Luego de una publicación política contra la periodista Viviana Canosa, un usuario respondió con la fotografía de una pequeña mortadela.
La imagen terminó reuniendo aproximadamente tres veces más “me gusta” que la publicación de la legisladora.
Lo que comenzó como una provocación humorística terminó transformándose en una estrategia repetida por usuarios opositores para intentar demostrar una pérdida de capacidad de interacción de las cuentas libertarias.
¿Significa esto que Milei perdió apoyo?
No necesariamente.
Los “likes”, reproducciones, comentarios o seguidores no constituyen una encuesta electoral y mucho menos permiten anticipar directamente cómo votará la sociedad.
Una publicación puede viralizarse por humor, rechazo, organización militante o por el funcionamiento del propio algoritmo.
Por eso, que un pastel de papas consiga más likes que un Presidente no demuestra por sí solo una pérdida equivalente de apoyo electoral.
Sin embargo, los episodios adquieren relevancia porque aparecen en un momento en el que diferentes análisis vienen señalando una reducción de las interacciones que históricamente caracterizaron al ecosistema digital libertario.
El caso Cerimedo agregó otro elemento a la discusión
La polémica adquirió además una dimensión mayor después de la situación judicial de Fernando Cerimedo, consultor político que tuvo un papel relevante en la campaña presidencial de Milei.
Cerimedo se encuentra detenido preventivamente en Bolivia e imputado en una investigación por presunta tentativa de feminicidio contra su expareja Nadia Beller. La medida cautelar no constituye una condena y la investigación judicial continúa.
Paralelamente, su detención volvió a poner bajo discusión las denominadas “granjas de bots” y las estructuras de comunicación política digital. Medios internacionales informaron sobre el hallazgo de elementos que motivaron investigaciones acerca de posibles operaciones automatizadas vinculadas a Cerimedo, aunque eso no prueba por sí mismo que las interacciones de las cuentas de Milei hayan sido generadas mayoritariamente por bots.
Esa diferencia es fundamental: una cosa es investigar estructuras de automatización digital y otra afirmar, sin una auditoría técnica específica, qué porcentaje de los seguidores o interacciones de una determinada cuenta son falsos.
De dominar la conversación a convertirse en objeto del meme
Más allá de las bromas, hay un fenómeno político interesante detrás de estas publicaciones.
Las redes fueron decisivas para la construcción de Milei mucho antes de su llegada a la Presidencia.
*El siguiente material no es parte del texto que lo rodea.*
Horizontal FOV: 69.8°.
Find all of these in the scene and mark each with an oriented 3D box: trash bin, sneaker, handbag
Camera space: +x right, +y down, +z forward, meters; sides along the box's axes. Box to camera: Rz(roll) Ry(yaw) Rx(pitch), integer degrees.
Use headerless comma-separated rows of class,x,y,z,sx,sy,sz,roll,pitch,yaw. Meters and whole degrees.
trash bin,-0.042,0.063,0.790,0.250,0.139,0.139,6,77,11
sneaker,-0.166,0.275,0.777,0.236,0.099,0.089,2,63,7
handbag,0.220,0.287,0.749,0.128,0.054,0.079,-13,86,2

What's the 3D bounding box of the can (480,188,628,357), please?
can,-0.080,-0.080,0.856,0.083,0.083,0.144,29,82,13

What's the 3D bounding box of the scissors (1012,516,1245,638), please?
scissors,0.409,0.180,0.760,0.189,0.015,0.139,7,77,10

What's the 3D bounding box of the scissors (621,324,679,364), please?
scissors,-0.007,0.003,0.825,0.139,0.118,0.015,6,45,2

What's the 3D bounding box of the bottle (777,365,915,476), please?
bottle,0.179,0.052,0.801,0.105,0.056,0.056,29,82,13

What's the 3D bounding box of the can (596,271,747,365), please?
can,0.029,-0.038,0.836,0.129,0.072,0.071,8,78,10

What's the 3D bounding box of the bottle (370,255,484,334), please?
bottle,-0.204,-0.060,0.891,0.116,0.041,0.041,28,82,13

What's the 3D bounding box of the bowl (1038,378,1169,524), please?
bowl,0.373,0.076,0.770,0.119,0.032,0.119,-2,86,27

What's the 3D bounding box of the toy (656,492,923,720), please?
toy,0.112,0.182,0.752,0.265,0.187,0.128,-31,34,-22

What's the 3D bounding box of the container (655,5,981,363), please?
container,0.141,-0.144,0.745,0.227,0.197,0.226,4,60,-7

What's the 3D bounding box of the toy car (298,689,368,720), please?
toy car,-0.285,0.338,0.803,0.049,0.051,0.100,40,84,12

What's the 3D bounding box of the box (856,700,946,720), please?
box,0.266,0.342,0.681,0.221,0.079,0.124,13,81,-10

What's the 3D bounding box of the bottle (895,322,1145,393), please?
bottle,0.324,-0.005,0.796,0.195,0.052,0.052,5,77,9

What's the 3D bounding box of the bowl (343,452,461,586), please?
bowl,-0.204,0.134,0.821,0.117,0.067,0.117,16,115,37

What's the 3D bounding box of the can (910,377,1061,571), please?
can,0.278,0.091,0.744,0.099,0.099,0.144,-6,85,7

Allí consiguió instalar temas, generar comunidades y disputar la agenda a estructuras políticas tradicionales.
Ahora sus adversarios intentan utilizar esas mismas herramientas contra el oficialismo.
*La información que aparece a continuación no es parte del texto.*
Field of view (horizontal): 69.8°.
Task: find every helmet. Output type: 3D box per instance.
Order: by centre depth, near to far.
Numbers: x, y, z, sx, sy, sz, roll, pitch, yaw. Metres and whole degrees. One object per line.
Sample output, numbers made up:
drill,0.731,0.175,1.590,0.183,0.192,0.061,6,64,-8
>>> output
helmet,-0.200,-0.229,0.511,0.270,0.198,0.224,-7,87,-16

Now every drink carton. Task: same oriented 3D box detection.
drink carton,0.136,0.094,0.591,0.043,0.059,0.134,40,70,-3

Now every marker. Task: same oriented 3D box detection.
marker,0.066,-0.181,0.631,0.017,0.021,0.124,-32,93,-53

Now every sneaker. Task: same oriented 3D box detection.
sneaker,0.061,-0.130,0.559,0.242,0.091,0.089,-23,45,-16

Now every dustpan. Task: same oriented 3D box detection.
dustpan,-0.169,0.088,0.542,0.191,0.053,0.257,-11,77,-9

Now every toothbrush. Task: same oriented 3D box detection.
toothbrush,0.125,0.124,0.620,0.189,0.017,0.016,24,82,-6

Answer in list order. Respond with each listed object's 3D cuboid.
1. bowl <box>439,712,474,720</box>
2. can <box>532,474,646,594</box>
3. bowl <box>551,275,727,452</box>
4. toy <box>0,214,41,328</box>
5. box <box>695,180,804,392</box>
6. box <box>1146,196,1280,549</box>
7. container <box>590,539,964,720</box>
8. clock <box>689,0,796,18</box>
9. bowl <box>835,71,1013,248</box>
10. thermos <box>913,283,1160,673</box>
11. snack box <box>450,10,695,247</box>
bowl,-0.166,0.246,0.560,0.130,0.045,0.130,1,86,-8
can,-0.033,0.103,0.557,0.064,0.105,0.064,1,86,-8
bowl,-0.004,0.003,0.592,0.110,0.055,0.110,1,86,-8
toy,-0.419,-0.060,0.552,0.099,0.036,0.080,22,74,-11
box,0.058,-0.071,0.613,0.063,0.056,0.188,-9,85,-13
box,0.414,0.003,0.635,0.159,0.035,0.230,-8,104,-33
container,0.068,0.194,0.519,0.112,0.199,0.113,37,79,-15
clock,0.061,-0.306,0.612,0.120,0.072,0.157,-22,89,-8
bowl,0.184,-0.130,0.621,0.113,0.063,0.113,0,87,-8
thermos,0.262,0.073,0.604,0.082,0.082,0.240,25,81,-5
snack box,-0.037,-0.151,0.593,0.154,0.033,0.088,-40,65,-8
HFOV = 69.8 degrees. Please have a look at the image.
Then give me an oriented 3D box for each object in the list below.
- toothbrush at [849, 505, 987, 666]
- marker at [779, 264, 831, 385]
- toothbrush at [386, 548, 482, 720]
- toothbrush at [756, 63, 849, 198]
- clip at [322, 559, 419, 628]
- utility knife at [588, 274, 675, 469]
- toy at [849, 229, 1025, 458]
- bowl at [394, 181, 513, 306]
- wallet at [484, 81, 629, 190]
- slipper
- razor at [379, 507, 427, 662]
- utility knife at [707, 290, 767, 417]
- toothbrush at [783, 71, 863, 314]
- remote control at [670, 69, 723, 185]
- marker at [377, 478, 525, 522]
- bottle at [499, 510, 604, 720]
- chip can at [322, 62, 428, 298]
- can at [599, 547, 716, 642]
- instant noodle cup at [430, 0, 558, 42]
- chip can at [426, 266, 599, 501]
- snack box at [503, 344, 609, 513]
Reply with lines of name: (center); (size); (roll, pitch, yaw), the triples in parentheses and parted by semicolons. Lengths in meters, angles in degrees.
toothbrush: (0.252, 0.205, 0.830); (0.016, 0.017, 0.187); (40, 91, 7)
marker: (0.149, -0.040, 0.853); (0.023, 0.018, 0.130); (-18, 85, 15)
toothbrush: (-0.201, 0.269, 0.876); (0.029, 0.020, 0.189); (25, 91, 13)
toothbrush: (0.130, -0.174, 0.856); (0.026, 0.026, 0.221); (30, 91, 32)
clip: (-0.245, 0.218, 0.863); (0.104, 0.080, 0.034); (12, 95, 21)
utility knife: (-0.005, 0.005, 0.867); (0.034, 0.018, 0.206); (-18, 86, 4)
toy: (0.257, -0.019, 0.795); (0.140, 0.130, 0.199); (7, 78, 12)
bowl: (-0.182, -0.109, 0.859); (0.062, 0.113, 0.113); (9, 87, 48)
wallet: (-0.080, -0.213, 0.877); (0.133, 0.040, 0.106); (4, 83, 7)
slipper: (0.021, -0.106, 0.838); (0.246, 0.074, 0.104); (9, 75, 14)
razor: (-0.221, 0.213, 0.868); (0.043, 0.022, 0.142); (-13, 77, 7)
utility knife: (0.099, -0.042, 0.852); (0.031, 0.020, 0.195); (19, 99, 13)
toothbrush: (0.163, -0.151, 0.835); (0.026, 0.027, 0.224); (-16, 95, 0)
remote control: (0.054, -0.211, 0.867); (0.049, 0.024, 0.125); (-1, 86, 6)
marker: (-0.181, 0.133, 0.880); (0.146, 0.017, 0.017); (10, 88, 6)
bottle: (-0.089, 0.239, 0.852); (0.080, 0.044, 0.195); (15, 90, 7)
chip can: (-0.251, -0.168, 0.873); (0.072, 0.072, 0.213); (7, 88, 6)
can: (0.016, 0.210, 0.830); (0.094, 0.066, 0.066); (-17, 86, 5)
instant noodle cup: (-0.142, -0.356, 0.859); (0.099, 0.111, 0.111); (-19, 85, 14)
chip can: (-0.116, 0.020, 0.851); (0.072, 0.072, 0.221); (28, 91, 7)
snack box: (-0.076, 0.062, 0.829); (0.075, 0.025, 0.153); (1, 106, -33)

El salamín, el maní y el pastel de papas no tienen valor como medición electoral. Pero sí funcionan como símbolos de una batalla comunicacional que está cambiando.
La verdadera pregunta no es si un plato de comida puede derrotar políticamente a un Presidente.
La pregunta es otra: ¿está perdiendo el oficialismo la capacidad de dominar la conversación digital que fue una de las claves de su crecimiento político?
La respuesta no surgirá solamente contando likes.
Pero los “ratios” que se viralizaron en las últimas semanas muestran que, al menos en las redes, la oposición encontró una nueva manera de disputarle a Milei un territorio que durante mucho tiempo parecía pertenecerle casi exclusivamente.